78 B.R. 708, 1987 Bankr. LEXIS 1646
CourtUnited States Bankruptcy Court, S.D. New York
DecidedOctober 14, 1987
Docket19-35276
StatusPublished
Cited by8 cases

This text of 78 B.R. 708 (Eisenberg v. Feiner (In Re Ahead by a Length, Inc.)) is published on Counsel Stack Legal Research, covering United States Bankruptcy Court, S.D. New York primary law. Counsel Stack provides free access to over 12 million legal documents including statutes, case law, regulations, and constitutions.

Bluebook
Eisenberg v. Feiner (In Re Ahead by a Length, Inc.), 78 B.R. 708, 1987 Bankr. LEXIS 1646 (N.Y. 1987).

Opinion

*709 DECISION AND ORDER ON MOTION TO COMPEL TESTIMONY AND ON MOTION TO INTERVENE AND FOR A PROTECTIVE ORDER

TINA L. BROZMAN, Bankruptcy Judge.

We are asked to resolve the disputes engendered by two separate but related motions. Defendants Nochum Sternberg (“Sternberg”) and Schnejer Zalman Gurary (“Gurary”) move to compel the testimony of defendant Irwin Feiner (“Feiner”) pursuant to Rule 37(a) of the Federal Rules of Civil Procedure and Rule 7037 of the Federal Rules of Bankruptcy Procedure. The United States moves pursuant to Rules 24(b) and 26(c) of the Federal Rules of Civil Procedure to intervene and for a protective order staying discovery in this action pending the disposition of related criminal proceedings. For the reasons which follow, we grant a six-month stay of the litigation, deny the intervention and deny the motion to compel.

FACTS

On October 3, 1983, an involuntary chapter 7 petition was filed against Ahead by a Length (the “Debtor”). On December 6, 1983 an order for relief was entered and Dorothy Eisenberg was appointed trustee (the “Trustee”). The Trustee commenced this adversary proceeding on August 26, 1986 against, among others, Feiner, Stern-berg and Gurary alleging a fraudulent scheme and conspiracy to deprive the Debt- or of its property through the use of phony invoices and seeking, pursuant to Title 11 U.S.C. §§ 548 and 544, to avoid fraudulent transfers of the Debtor’s property.

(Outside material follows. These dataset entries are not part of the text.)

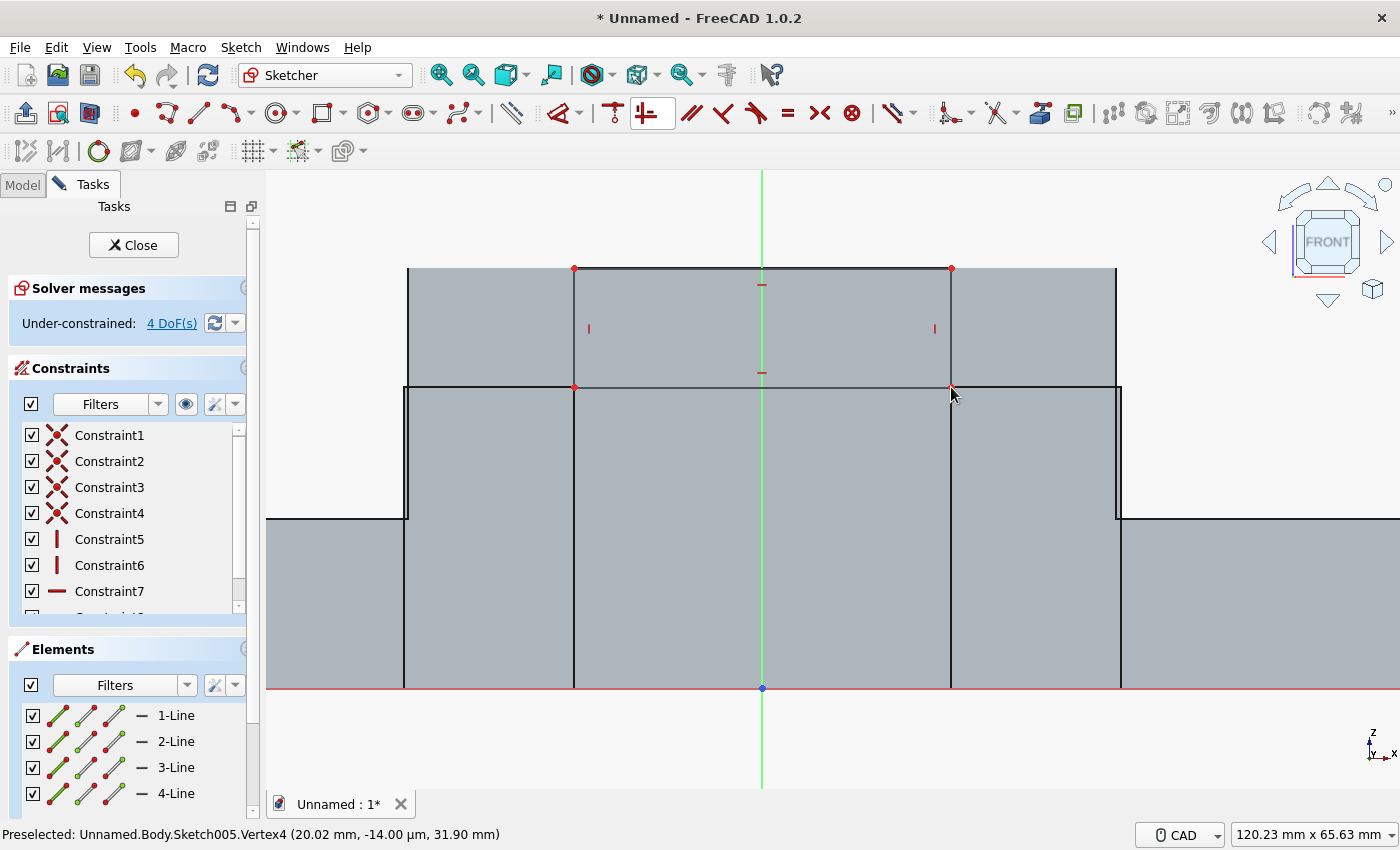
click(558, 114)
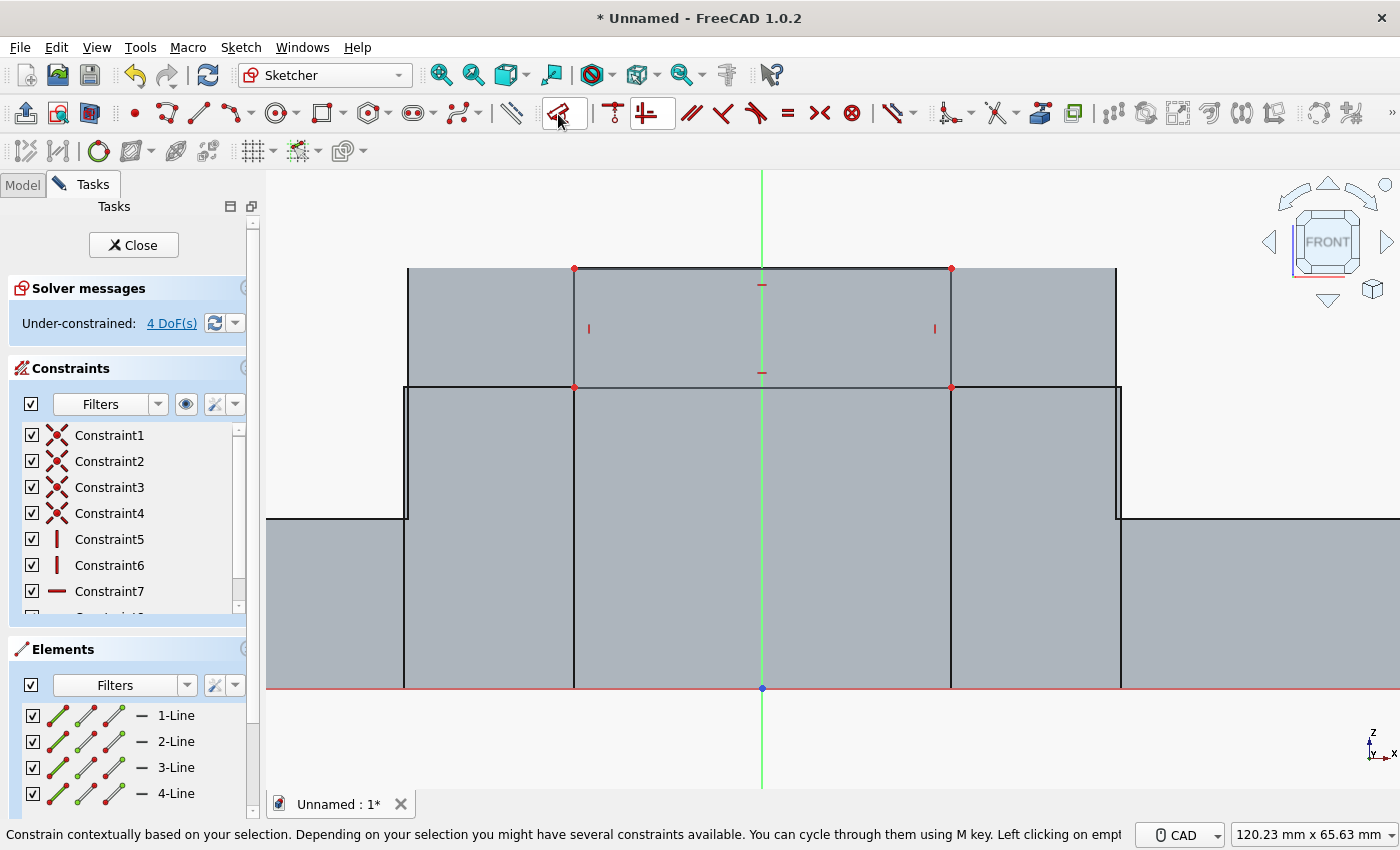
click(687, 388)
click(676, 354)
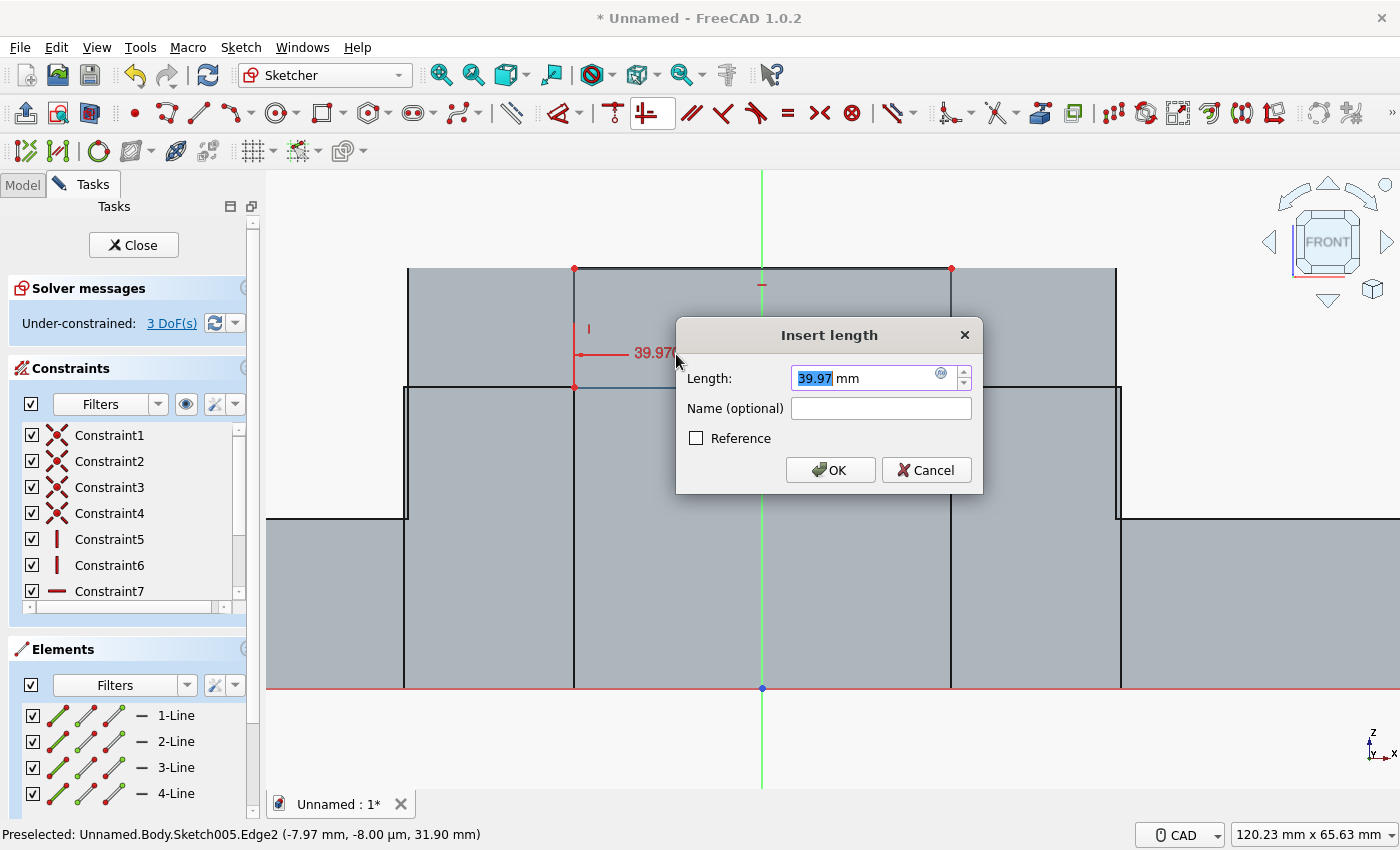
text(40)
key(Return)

In August 1983, Feiner was sued by the Debtor’s commercial factor for engaging in a pattern of racketeering activity. Not long after, the United States Attorney initiated a criminal investigation. During the course of the investigation, Feiner entered into a plea agreement with the U.S. Attorney which calls for his continued cooperation with the Internal Revenue Service, Federal Bureau of Investigation and the United States Attorney. As agreed, in October 1985 Feiner pleaded guilty to a three count information charging him with conspiracy to defraud the United States of corporate income tax, personal income tax evasion and wire fraud.

Gurary and Sternberg have been indicted and charged with aiding and assisting tax evasion and other crimes arising from their role as principals of a group of corporations (the “Zalga Companies”) which were involved with Feiner in a phony invoice scheme. Presently, another grand jury is investigating the Zalga Companies’ role.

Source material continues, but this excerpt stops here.